Would you mind restating all of the records word for word, skipping the pictures?

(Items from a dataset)
========
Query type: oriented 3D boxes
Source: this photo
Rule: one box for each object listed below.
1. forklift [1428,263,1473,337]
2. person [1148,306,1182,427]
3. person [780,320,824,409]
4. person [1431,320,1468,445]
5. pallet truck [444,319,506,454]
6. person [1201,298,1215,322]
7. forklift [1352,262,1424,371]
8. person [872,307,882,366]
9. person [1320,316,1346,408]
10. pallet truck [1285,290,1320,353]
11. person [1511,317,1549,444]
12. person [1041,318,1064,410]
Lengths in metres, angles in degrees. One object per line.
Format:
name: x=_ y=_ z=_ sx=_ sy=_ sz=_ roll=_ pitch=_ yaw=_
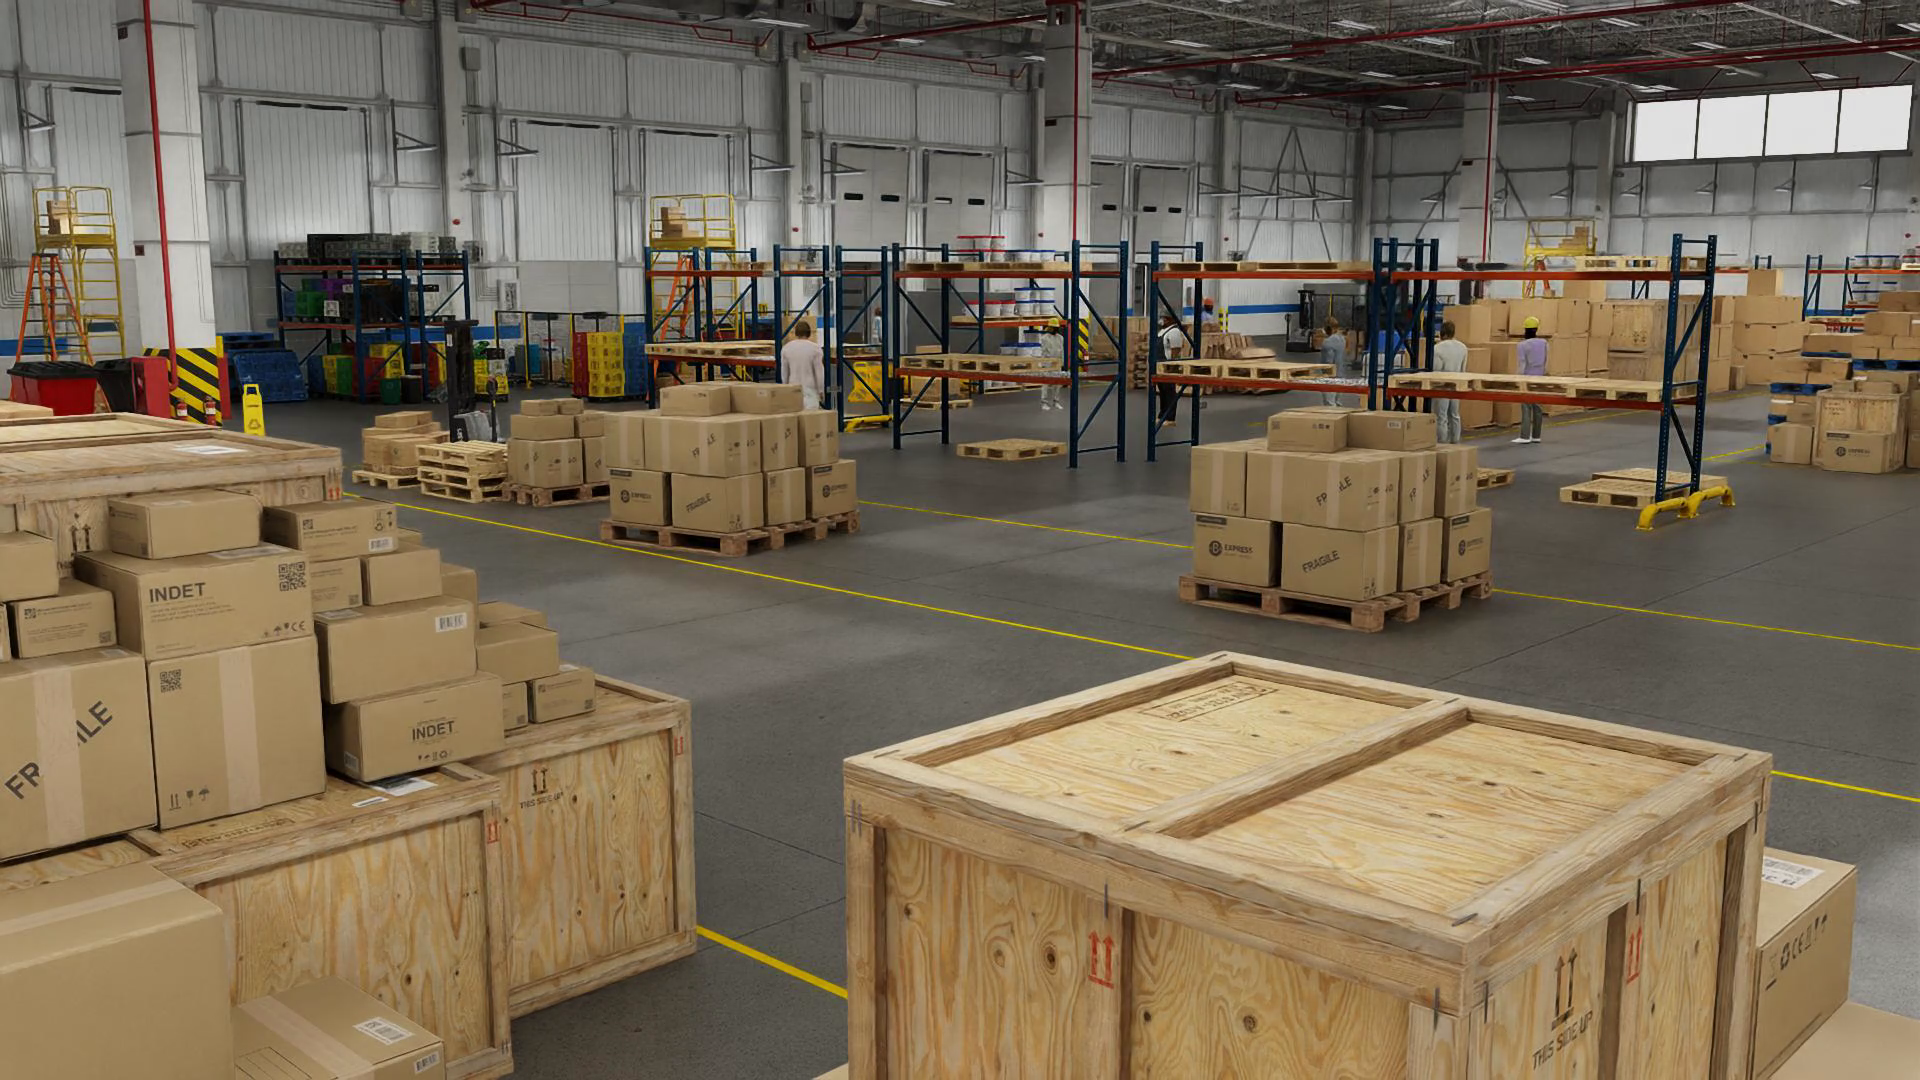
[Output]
forklift: x=14.120 y=-6.374 z=46.625 sx=1.873 sy=2.768 sz=1.129 roll=3 pitch=10 yaw=15
person: x=3.449 y=-2.940 z=28.137 sx=0.538 sy=2.000 sz=0.688 roll=-2 pitch=9 yaw=-13
person: x=-2.193 y=-2.096 z=23.276 sx=0.627 sy=1.940 sz=0.371 roll=3 pitch=10 yaw=17
person: x=6.779 y=-2.086 z=23.212 sx=0.627 sy=1.941 sz=0.371 roll=-5 pitch=11 yaw=-28
pallet truck: x=-6.981 y=-1.942 z=22.150 sx=1.885 sy=1.965 sz=0.823 roll=1 pitch=9 yaw=9
person: x=6.153 y=-5.053 z=41.409 sx=0.373 sy=1.934 sz=0.551 roll=4 pitch=10 yaw=21
forklift: x=10.939 y=-5.655 z=42.217 sx=1.129 sy=2.768 sz=1.873 roll=-2 pitch=9 yaw=-12
person: x=-2.177 y=-5.394 z=44.446 sx=0.321 sy=1.632 sz=0.523 roll=-1 pitch=9 yaw=-7
person: x=5.664 y=-2.444 z=25.419 sx=0.372 sy=1.938 sz=0.630 roll=6 pitch=11 yaw=31
pallet truck: x=11.297 y=-6.951 z=52.861 sx=1.885 sy=1.965 sz=0.823 roll=-5 pitch=11 yaw=-29
person: x=8.672 y=-2.424 z=25.318 sx=0.585 sy=1.928 sz=0.370 roll=-5 pitch=10 yaw=-27
person: x=1.755 y=-3.323 z=31.426 sx=0.487 sy=1.736 sz=0.320 roll=-5 pitch=10 yaw=-27
========
**Solution for this problem:**
Query type: oriented 3D boxes
Source: this photo
Rule: one box for each object listed below.
1. forklift [1428,263,1473,337]
2. person [1148,306,1182,427]
3. person [780,320,824,409]
4. person [1431,320,1468,445]
5. pallet truck [444,319,506,454]
6. person [1201,298,1215,322]
7. forklift [1352,262,1424,371]
8. person [872,307,882,366]
9. person [1320,316,1346,408]
10. pallet truck [1285,290,1320,353]
11. person [1511,317,1549,444]
12. person [1041,318,1064,410]
Lengths in metres, angles in degrees. One object per line.
Format:
name: x=_ y=_ z=_ sx=_ sy=_ sz=_ roll=_ pitch=_ yaw=_
[Output]
forklift: x=14.120 y=-6.374 z=46.625 sx=1.873 sy=2.768 sz=1.129 roll=3 pitch=10 yaw=15
person: x=3.449 y=-2.940 z=28.137 sx=0.538 sy=2.000 sz=0.688 roll=-2 pitch=9 yaw=-13
person: x=-2.193 y=-2.096 z=23.276 sx=0.627 sy=1.940 sz=0.371 roll=3 pitch=10 yaw=17
person: x=6.779 y=-2.086 z=23.212 sx=0.627 sy=1.941 sz=0.371 roll=-5 pitch=11 yaw=-28
pallet truck: x=-6.981 y=-1.942 z=22.150 sx=1.885 sy=1.965 sz=0.823 roll=1 pitch=9 yaw=9
person: x=6.153 y=-5.053 z=41.409 sx=0.373 sy=1.934 sz=0.551 roll=4 pitch=10 yaw=21
forklift: x=10.939 y=-5.655 z=42.217 sx=1.129 sy=2.768 sz=1.873 roll=-2 pitch=9 yaw=-12
person: x=-2.177 y=-5.394 z=44.446 sx=0.321 sy=1.632 sz=0.523 roll=-1 pitch=9 yaw=-7
person: x=5.664 y=-2.444 z=25.419 sx=0.372 sy=1.938 sz=0.630 roll=6 pitch=11 yaw=31
pallet truck: x=11.297 y=-6.951 z=52.861 sx=1.885 sy=1.965 sz=0.823 roll=-5 pitch=11 yaw=-29
person: x=8.672 y=-2.424 z=25.318 sx=0.585 sy=1.928 sz=0.370 roll=-5 pitch=10 yaw=-27
person: x=1.755 y=-3.323 z=31.426 sx=0.487 sy=1.736 sz=0.320 roll=-5 pitch=10 yaw=-27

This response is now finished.